Task requirements » Write out exactly the lines from the one with "object name: photomechanical print" through the last line of the data below, but not the pictures.

=======

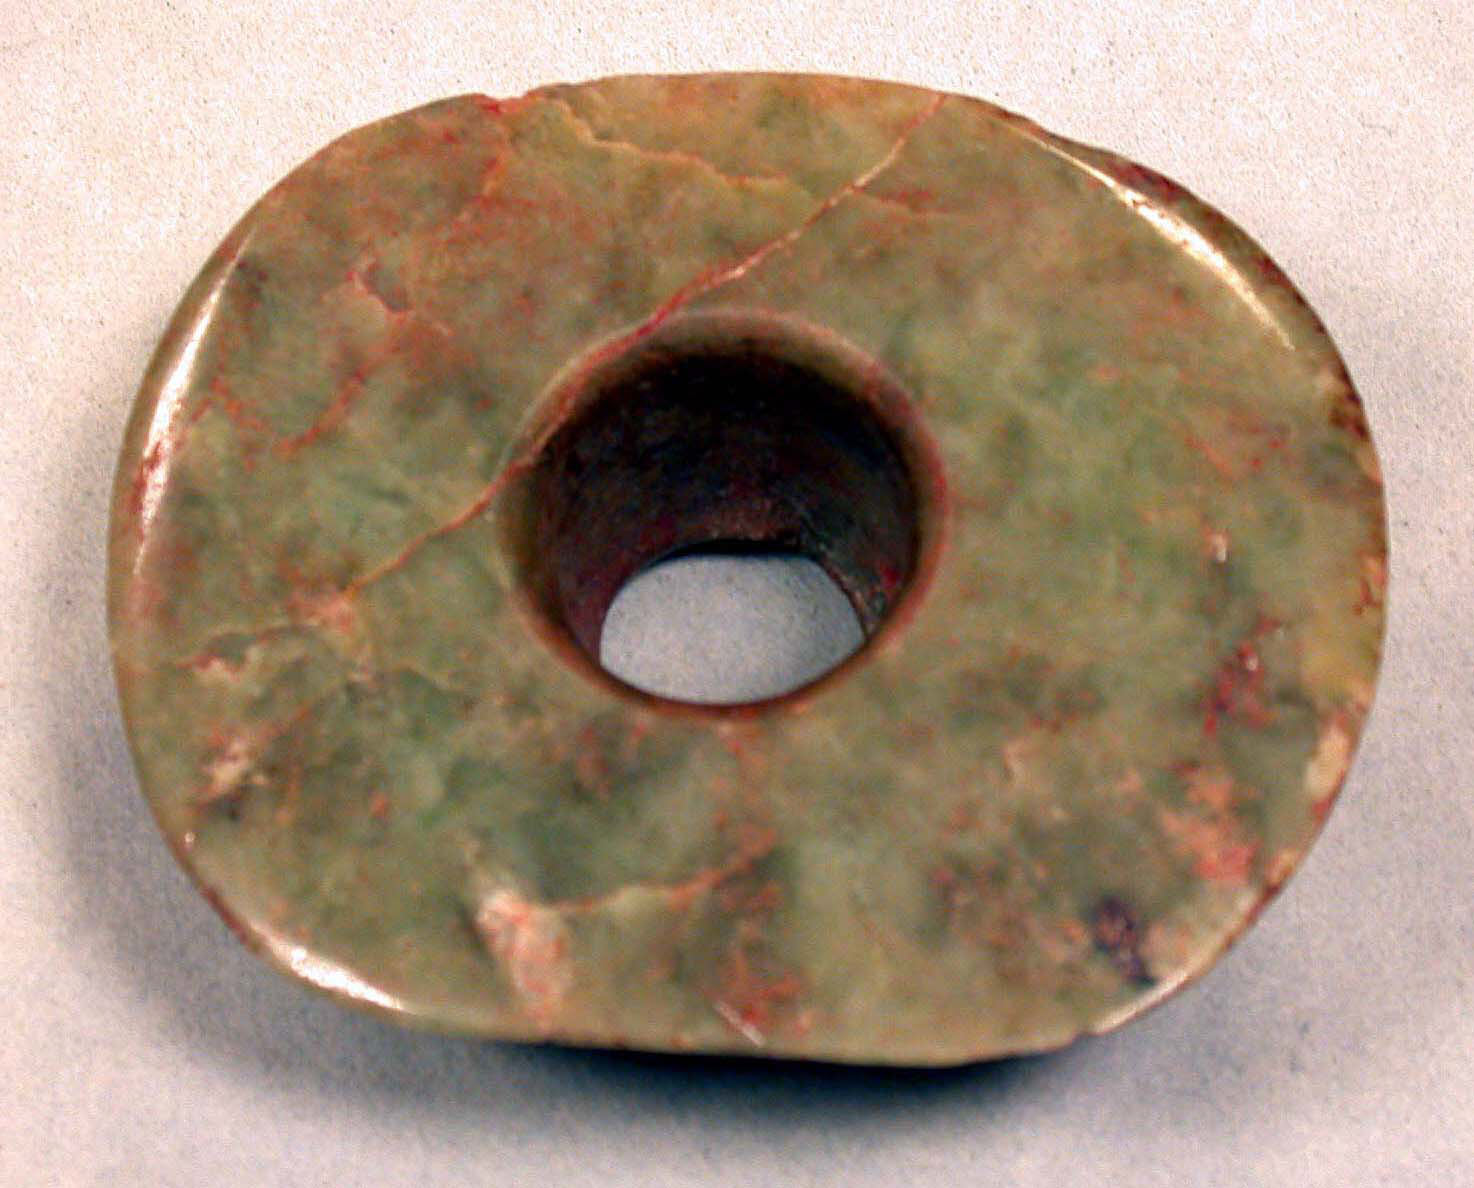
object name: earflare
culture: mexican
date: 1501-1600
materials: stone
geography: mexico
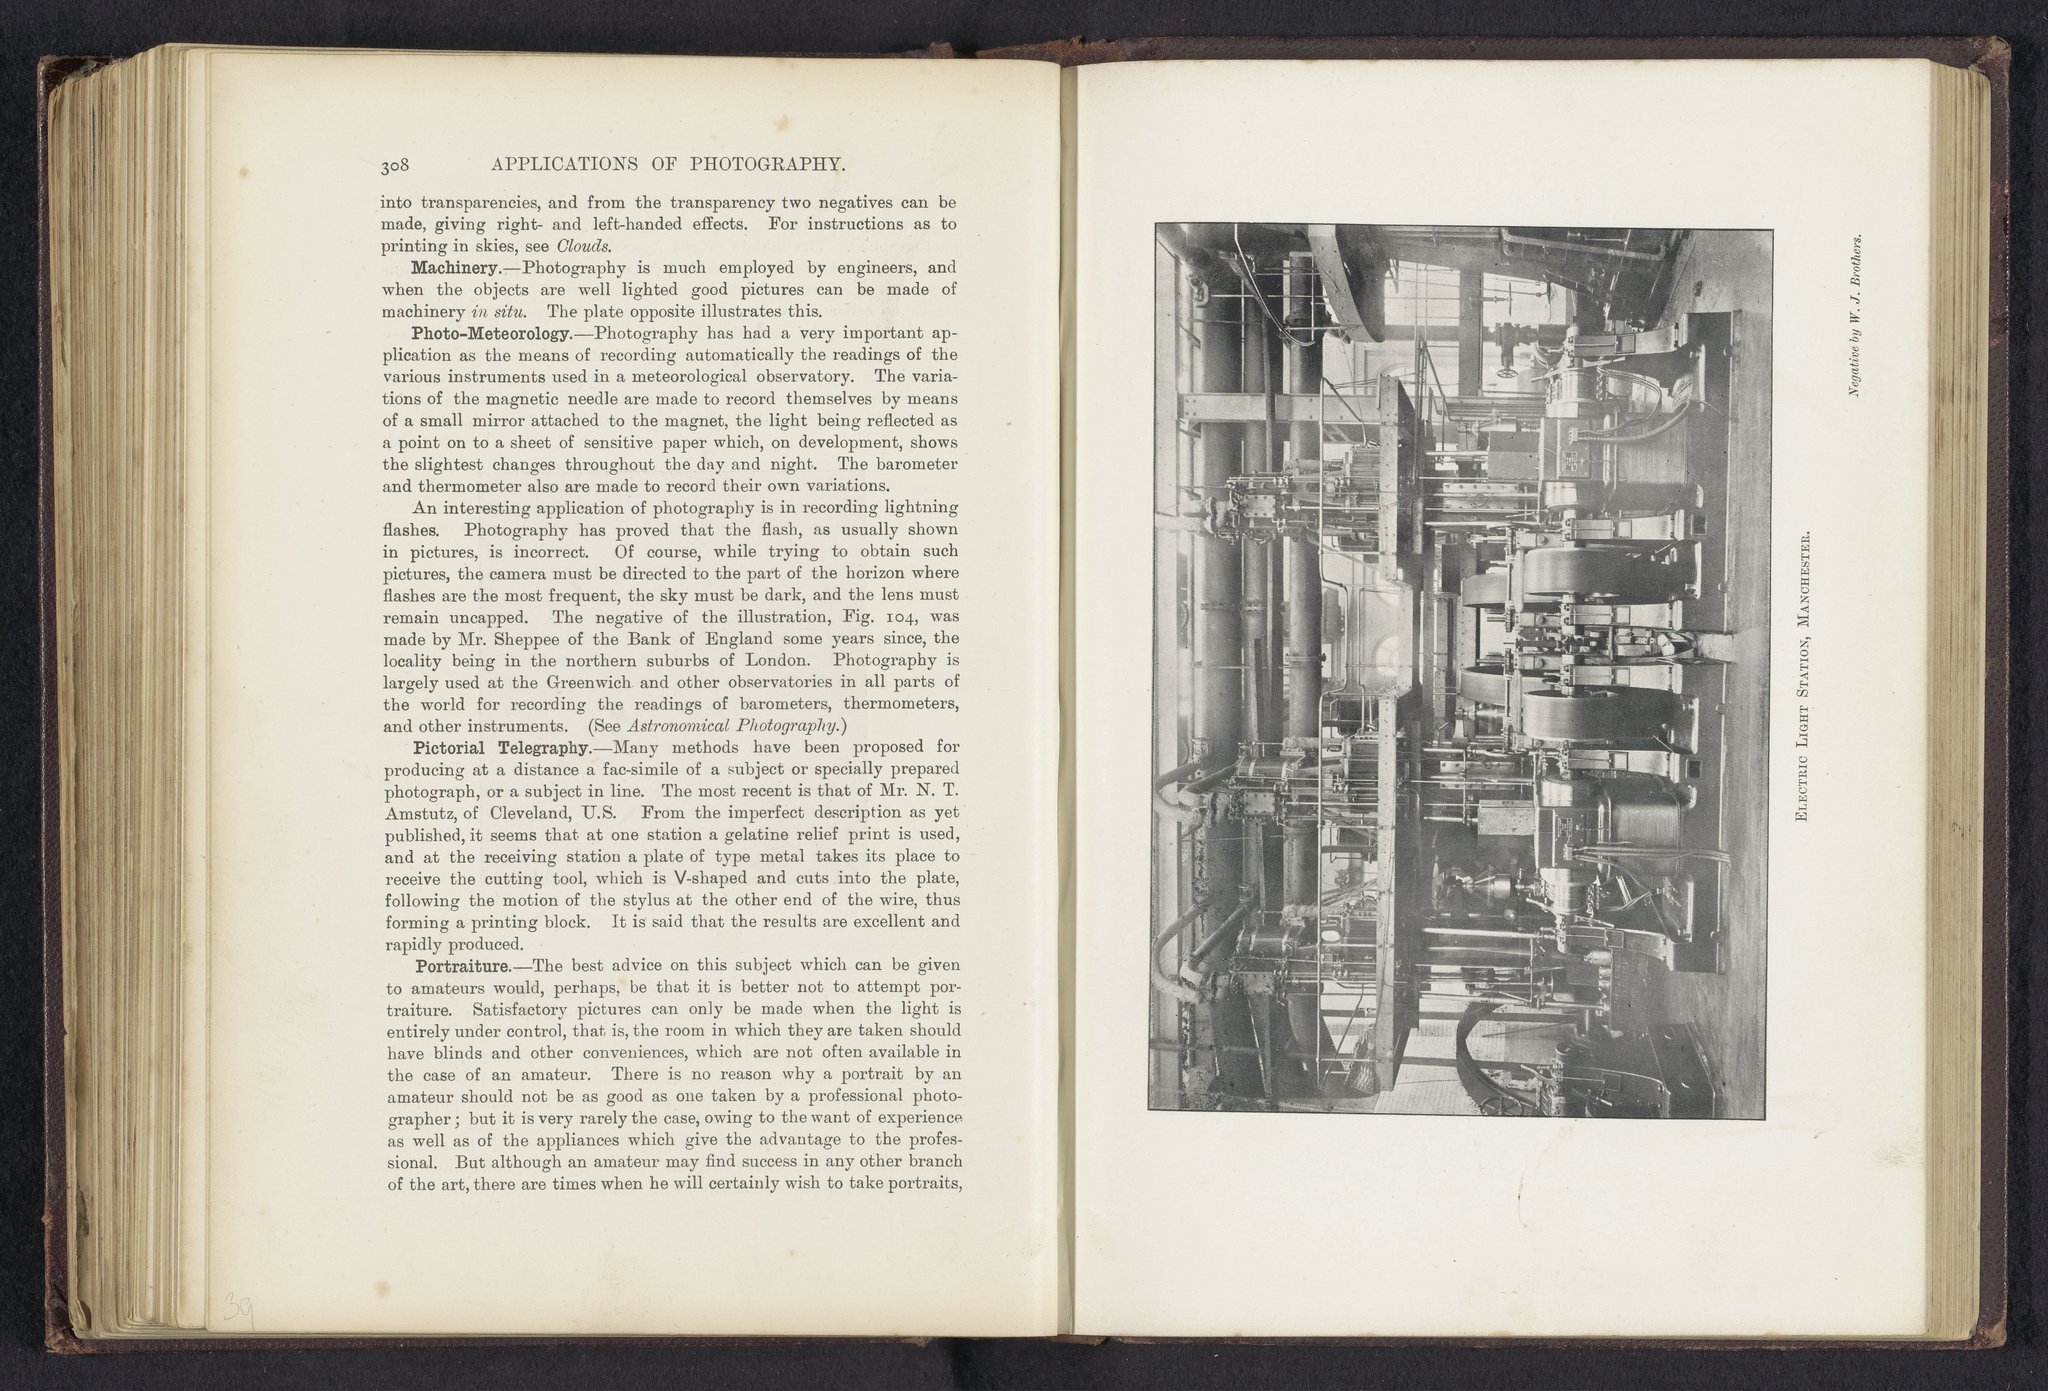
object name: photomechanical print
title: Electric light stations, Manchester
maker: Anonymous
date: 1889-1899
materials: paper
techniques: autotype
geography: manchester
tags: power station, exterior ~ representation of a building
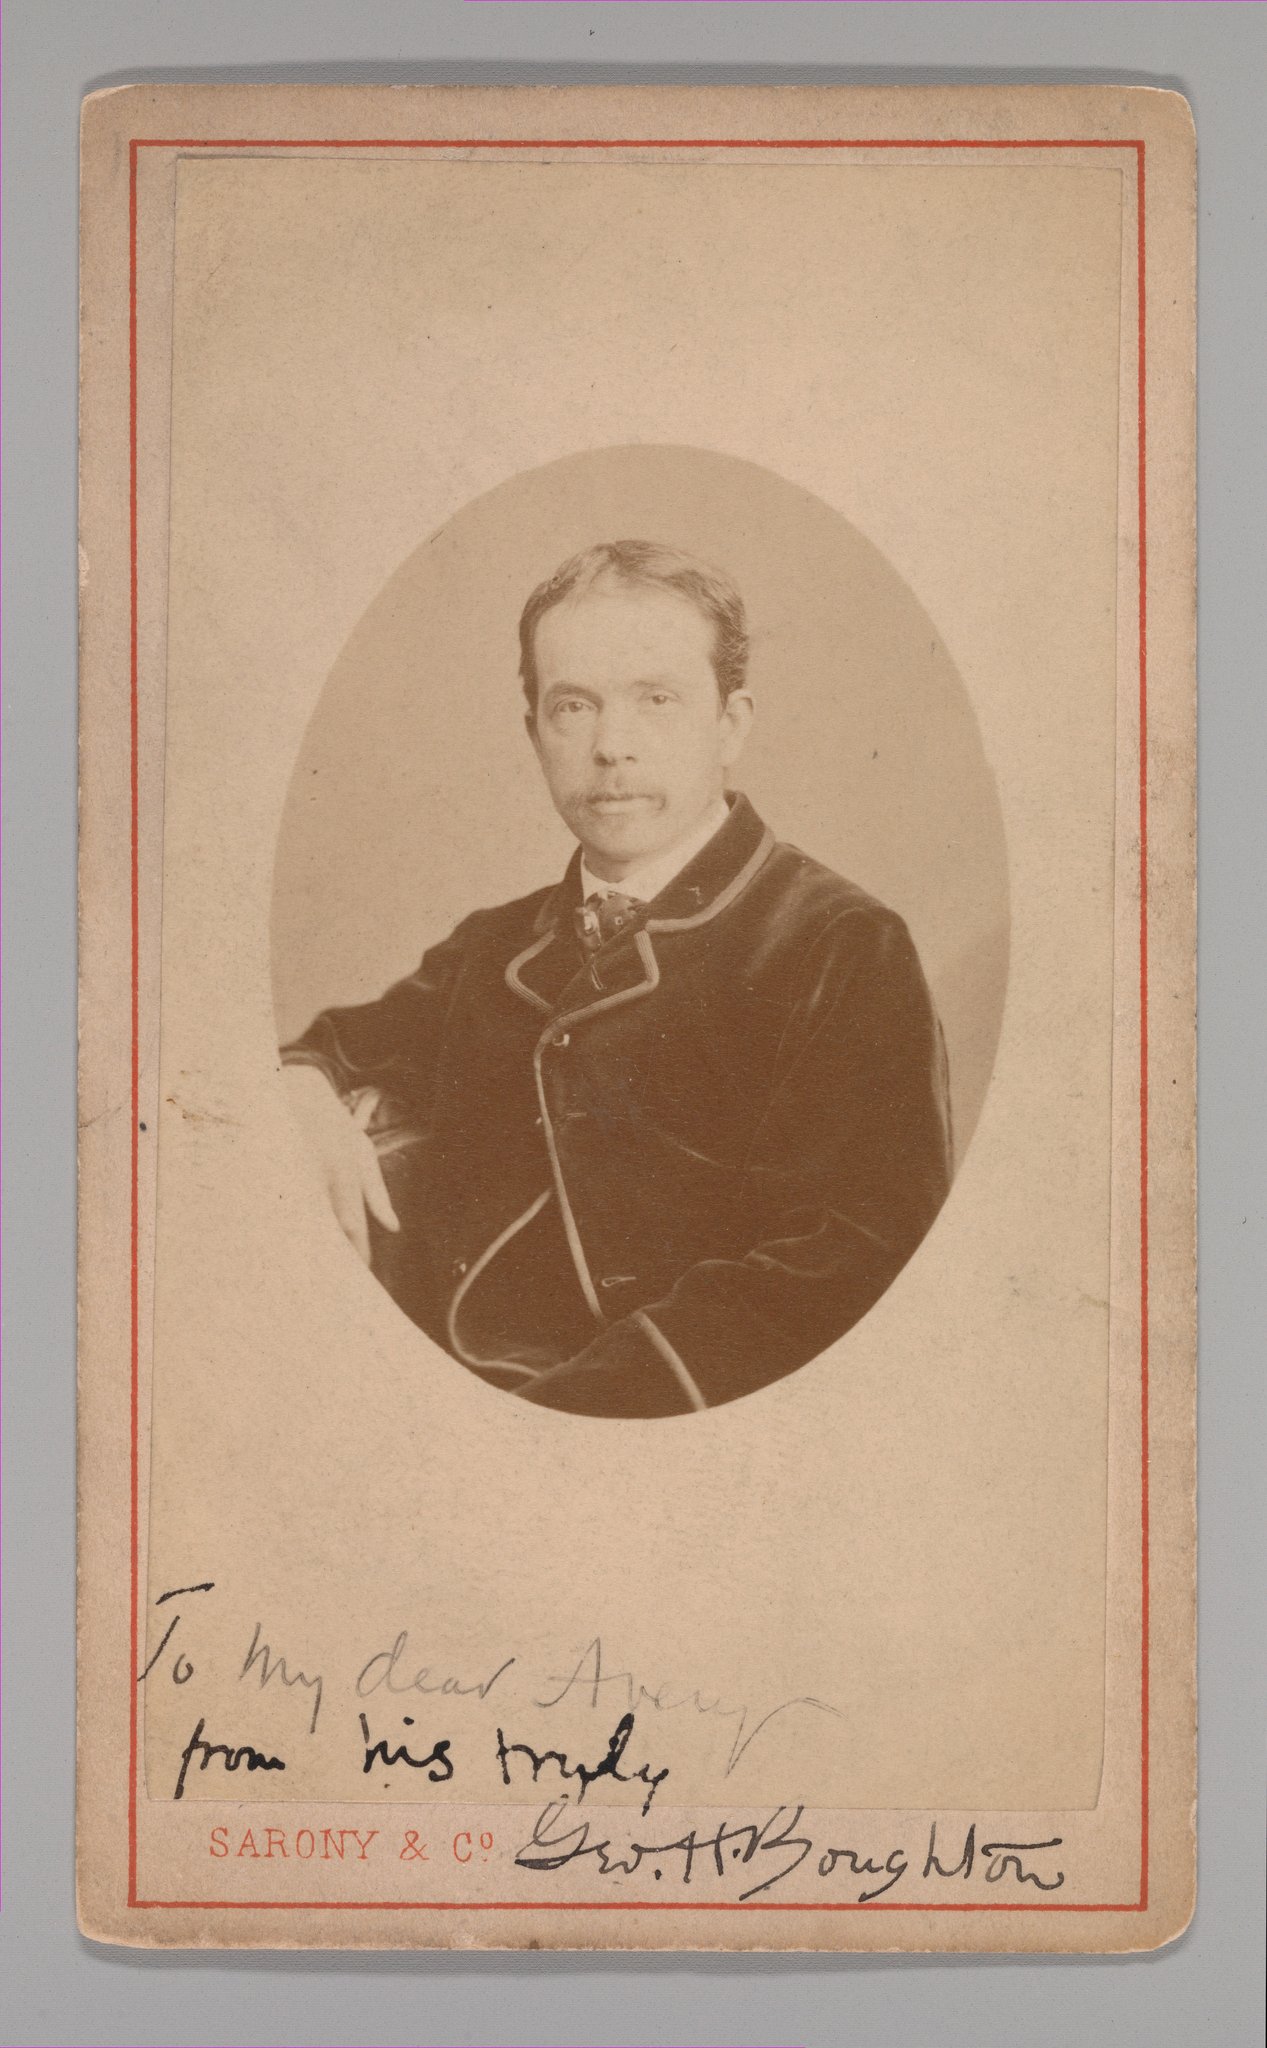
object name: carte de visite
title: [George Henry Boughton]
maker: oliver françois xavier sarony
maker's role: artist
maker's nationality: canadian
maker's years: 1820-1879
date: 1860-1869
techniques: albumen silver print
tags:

=======

Solution to the exercise »
object name: photomechanical print
title: Electric light stations, Manchester
maker: Anonymous
date: 1889-1899
materials: paper
techniques: autotype
geography: manchester
tags: power station, exterior ~ representation of a building
object name: carte de visite
title: [George Henry Boughton]
maker: oliver françois xavier sarony
maker's role: artist
maker's nationality: canadian
maker's years: 1820-1879
date: 1860-1869
techniques: albumen silver print
tags:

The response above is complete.